Why Clevelanders Should Support Participatory Budgeting

…and ignore the cowardly, anti-democratic Cleveland City Council

click to enlarge PB CLE coalition organizers and members gathered at City Hall to submit the signatures. - Maria Elena Scott
Maria Elena Scott
PB CLE coalition organizers and members gathered at City Hall to submit the signatures.
Ward 13 Cleveland councilman Kris Harsh is a braying jackass who doesn’t understand how participatory budgeting works or what it’s for.

Throughout his column published June 2 on Cleveland.com, and in untold social media sorties since, he has maligned and mischaracterized the local People’s Budget Cleveland (PB Cle) initiative while advancing a warped and self-serving vision of democracy.

It’s hard not to be so blunt when his arguments fluoresce with wrongheadedness at every turn. These arguments are made in bad faith, naturally — that’s standard operating procedure in Cleveland — but they merit refutation regardless.

Why? Because an astonishing number of local leaders and organizations are on Harsh’s side. His colleagues on city council are content to let him play mascot, but behind the scenes, they’re working the phones harder than at any point since the Q Deal, calling in favors and threats to assemble an army of pastors and plumbers and police officers who will publicly oppose PB. This army has now drafted into its ranks not only the familiar, atrophied old boys clubs, but the region’s more progressive labor unions and council’s brightest light.

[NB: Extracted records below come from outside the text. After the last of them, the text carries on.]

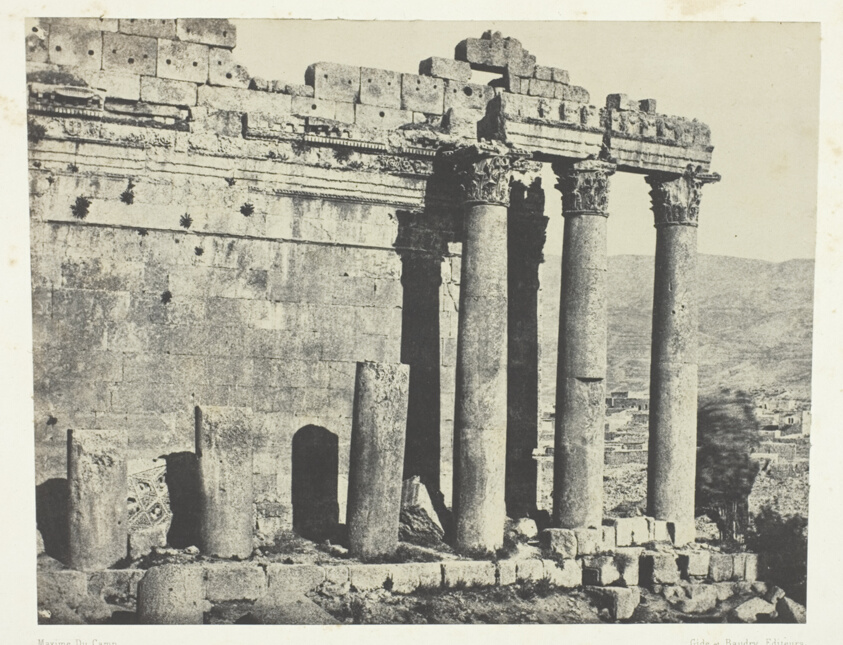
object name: Photograph
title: Baalbeck (Héliopolis), Temple Du Jupiter, Façade Occidentale; Syrie
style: 19th century
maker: Maxime Du Camp (French, 1822–1894)
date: 1849/51, printed 1852
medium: Salted paper print, plate 124 from the album "Egypte, Nubie, Palestine et Syrie" (1852)
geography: Syria
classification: salted paper print; photographic process; photography; photograph
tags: Collected by Hugh Edwards, Egypte, Nubie, Palestine et Syrie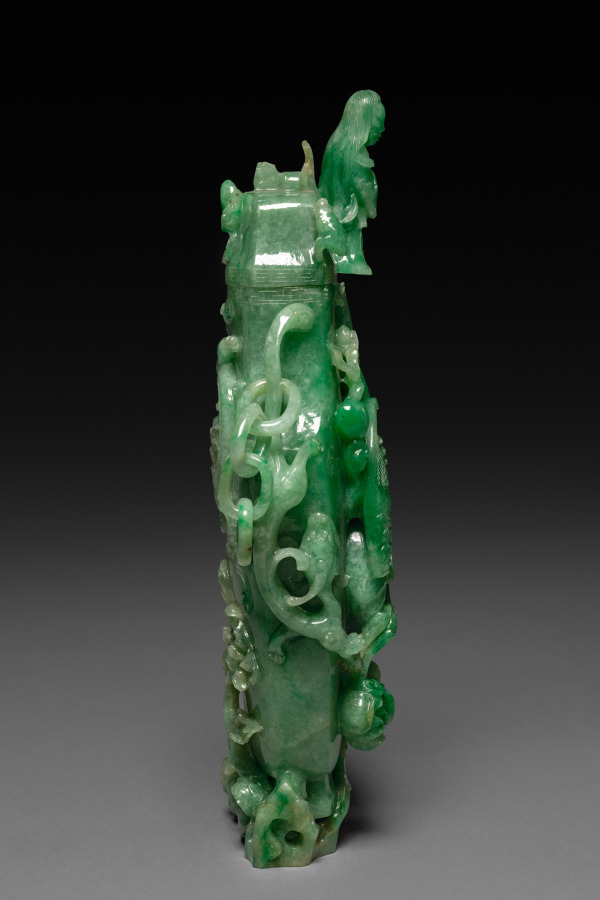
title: Three-Sectional Altar Group: Cylindrical Carving with Phoenix
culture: China, Qing dynasty (1644-1911)
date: 1644–1911
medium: jade
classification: Jade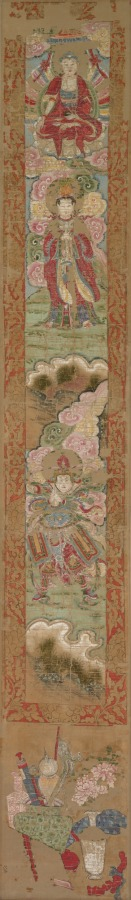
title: Buddhist Panel
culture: China or Korea
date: 1600s–1700s
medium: Hanging scroll; ink and color on paper
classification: Painting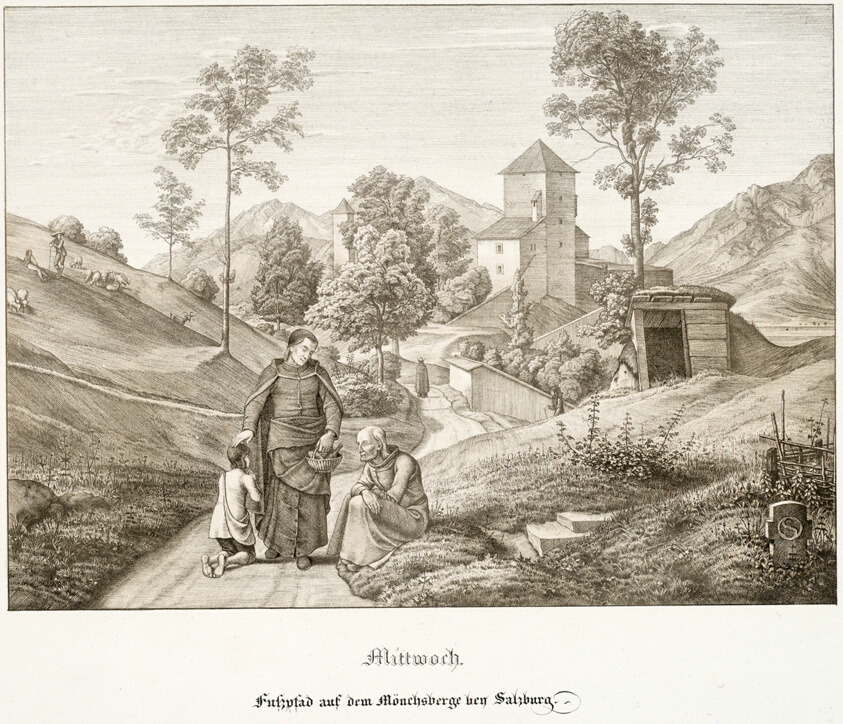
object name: Print
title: Wednesday: Footpath on the Mönchsberg Near Salzburg
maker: Ferdinand Olivier (German, 1785-1841)
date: 1823
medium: Lithograph with tint-stone on white wove paper
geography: Germany
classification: lithograph; print; prints and drawing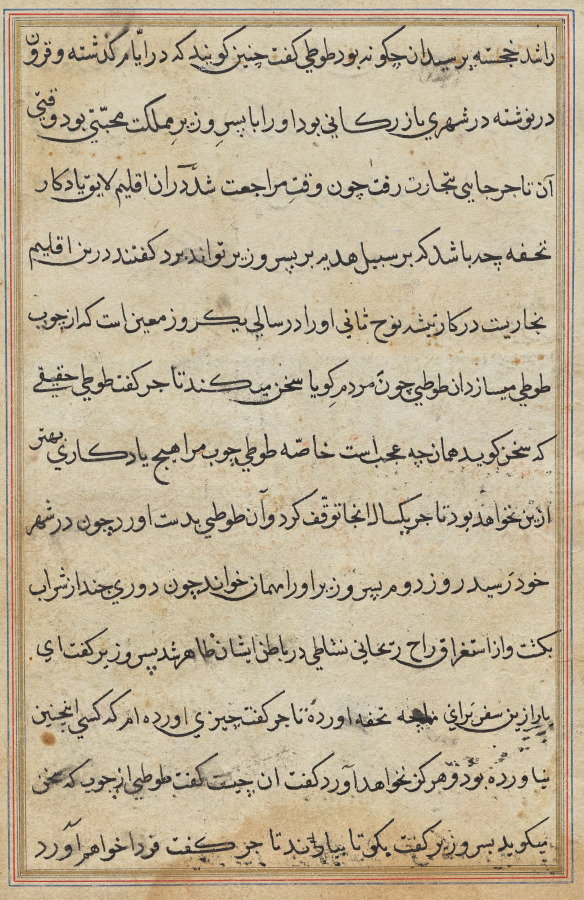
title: Page from Tales of a Parrot (Tuti-nama): text page
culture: Mughal India, court of Akbar (reigned 1556–1605)
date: c. 1560
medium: gum tempera, ink, and gold on paper
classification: Painting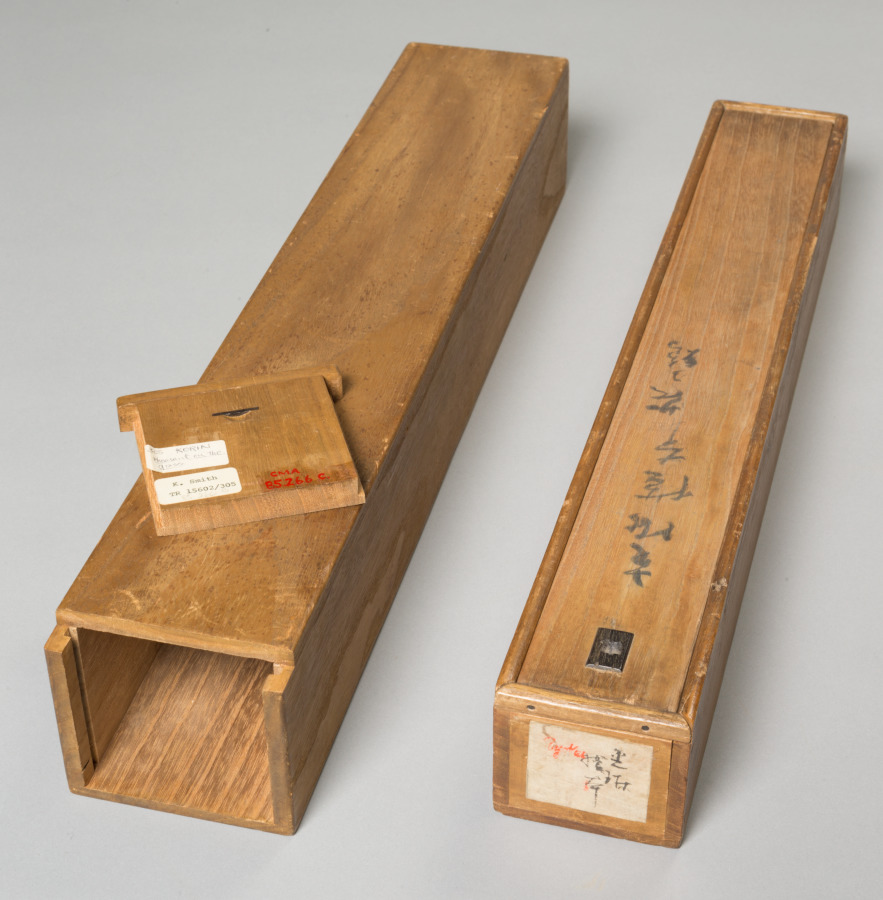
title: Pheasant and Grasses
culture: Japan, Edo period (1615–1868)
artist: attributed to Ogata Kōrin (Japanese, 1658–1716)
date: late 1600s–early 1700s
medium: hanging scroll; ink and color on paper
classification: Painting
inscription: two seals of artist, lower right.
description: Korin was a founder of the Rimpa (decorative) school of painting and was a keen observer of nature. The pheasant is often associated with autumn.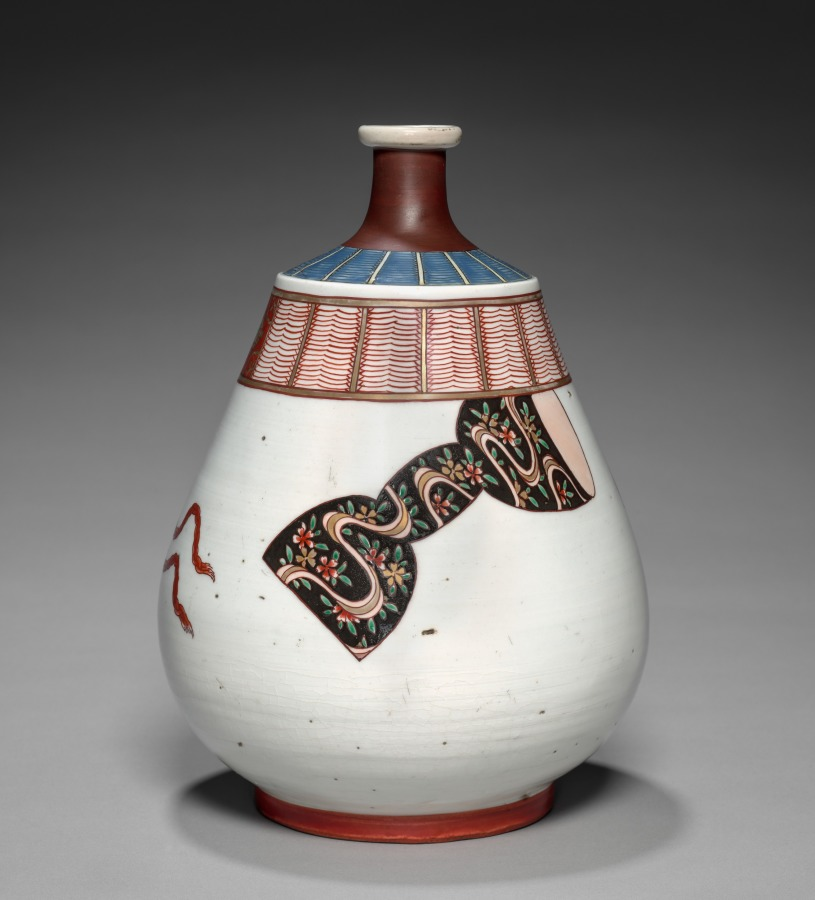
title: Bottle-Flask with Drums
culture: Japan, Edo period (1615–1868)
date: 1700s
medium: porcelain with overglaze color enamel (Hizen ware, Arita type, Imari style)
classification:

Furthermore, Harsh’s “DEBATE-ME!” histrionics have materialized an actual debate, scheduled for Sept. 26. Under no circumstances should Clevelanders let this bozo batter them into submission Bill O’Reilly-wise.

To refresh: Participatory Budgeting is a straightforward application of democracy, the idea that people should have a say in how they are governed. In existing PB pilots in the U.S. and around the world, residents collectively decide how a portion of their local budget is spent. This portion is typically very small.

In Cleveland, a grassroots coalition gathered signatures to place a city charter amendment on the November ballot. Their proposal calls for 2% of the city’s budget to be dedicated to projects selected by residents. (That’s about $14 million per year, once PB is fully operational in 2027.)

PB Cle is taking the measure to voters only because city council rejected a smaller-scale pilot, backed by Mayor Justin Bibb, earlier this year. It was one of the more extraordinary displays of City Hall hypocrisy in recent memory. On the day it happened, council had proposed a substantial increase in their cut of casino revenue dollars to fund projects in their wards. Representatives from the Bibb administration warned against the idea, but council members protested that their neighborhoods were desperate for resources. When PB Cle appeared a couple hours later, proposing a different way to fund the same sorts of neighborhood projects — only this time with direct citizen input — the council’s tune changed to one of horror and reproach.

It’s worth reflecting that Bibb and the council have now allocated more than half a billion federal dollars via ARPA, including millions for lakefront development, lead abatement, site readiness for business attraction, downtown lighting displays, individual nonprofits, and so on. Council even allocated $10 million to the West Side Market after hemming and hawing about it for weeks. The only proposal they nixed outright at the committee table was participatory budgeting.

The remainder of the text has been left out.